- PROBLEM REQUIREMENTS
Provide again, from the entries below, every line from the one containing "A 3D bounding box for the sofa" through the one containing "Lookup: what oriented", exactly as written, and no other line.

== Segment start ==

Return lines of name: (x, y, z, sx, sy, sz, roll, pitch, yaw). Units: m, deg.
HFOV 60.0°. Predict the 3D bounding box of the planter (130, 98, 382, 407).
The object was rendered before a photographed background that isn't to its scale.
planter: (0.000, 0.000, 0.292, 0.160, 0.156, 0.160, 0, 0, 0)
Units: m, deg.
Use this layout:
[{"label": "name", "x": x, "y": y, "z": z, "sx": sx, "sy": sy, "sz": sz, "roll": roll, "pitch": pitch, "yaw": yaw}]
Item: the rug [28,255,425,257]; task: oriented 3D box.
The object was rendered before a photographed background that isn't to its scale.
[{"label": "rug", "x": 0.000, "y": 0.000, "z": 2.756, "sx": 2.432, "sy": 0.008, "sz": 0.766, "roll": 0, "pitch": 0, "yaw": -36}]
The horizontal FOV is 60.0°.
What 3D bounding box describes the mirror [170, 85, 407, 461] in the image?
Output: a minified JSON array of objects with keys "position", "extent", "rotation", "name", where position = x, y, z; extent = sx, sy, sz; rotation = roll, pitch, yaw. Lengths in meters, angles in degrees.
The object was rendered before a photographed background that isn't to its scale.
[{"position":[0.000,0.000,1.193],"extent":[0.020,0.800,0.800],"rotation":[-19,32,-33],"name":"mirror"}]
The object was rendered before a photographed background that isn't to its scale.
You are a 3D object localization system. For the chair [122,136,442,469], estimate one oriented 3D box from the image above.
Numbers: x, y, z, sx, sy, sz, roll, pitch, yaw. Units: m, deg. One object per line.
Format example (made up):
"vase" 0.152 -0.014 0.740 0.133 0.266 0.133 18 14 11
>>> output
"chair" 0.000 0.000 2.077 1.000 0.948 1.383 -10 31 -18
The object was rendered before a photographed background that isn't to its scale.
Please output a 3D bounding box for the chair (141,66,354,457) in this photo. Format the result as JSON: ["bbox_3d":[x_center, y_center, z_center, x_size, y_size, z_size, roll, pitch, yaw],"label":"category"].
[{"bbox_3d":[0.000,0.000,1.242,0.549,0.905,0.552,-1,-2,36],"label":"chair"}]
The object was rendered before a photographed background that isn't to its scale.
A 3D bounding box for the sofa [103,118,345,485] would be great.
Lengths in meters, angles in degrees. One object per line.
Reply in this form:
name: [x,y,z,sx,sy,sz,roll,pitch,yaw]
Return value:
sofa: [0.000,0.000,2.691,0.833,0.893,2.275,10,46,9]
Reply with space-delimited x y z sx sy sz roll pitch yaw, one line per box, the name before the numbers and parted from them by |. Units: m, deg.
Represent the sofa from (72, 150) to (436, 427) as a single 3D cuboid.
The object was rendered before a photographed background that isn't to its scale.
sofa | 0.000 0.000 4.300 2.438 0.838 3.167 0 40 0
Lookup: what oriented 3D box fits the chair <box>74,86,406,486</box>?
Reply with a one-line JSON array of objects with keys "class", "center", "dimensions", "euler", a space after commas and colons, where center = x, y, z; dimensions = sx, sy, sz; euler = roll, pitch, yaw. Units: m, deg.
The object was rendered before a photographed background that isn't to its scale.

== Segment end ==

- RESPONSE TO THIS EXERCISE
A 3D bounding box for the sofa [103,118,345,485] would be great.
Lengths in meters, angles in degrees. One object per line.
Reply in this form:
name: [x,y,z,sx,sy,sz,roll,pitch,yaw]
Return value:
sofa: [0.000,0.000,2.691,0.833,0.893,2.275,10,46,9]
Reply with space-delimited x y z sx sy sz roll pitch yaw, one line per box, the name before the numbers and parted from them by |. Units: m, deg.
Represent the sofa from (72, 150) to (436, 427) as a single 3D cuboid.
The object was rendered before a photographed background that isn't to its scale.
sofa | 0.000 0.000 4.300 2.438 0.838 3.167 0 40 0
Lookup: what oriented 3D box fits the chair <box>74,86,406,486</box>?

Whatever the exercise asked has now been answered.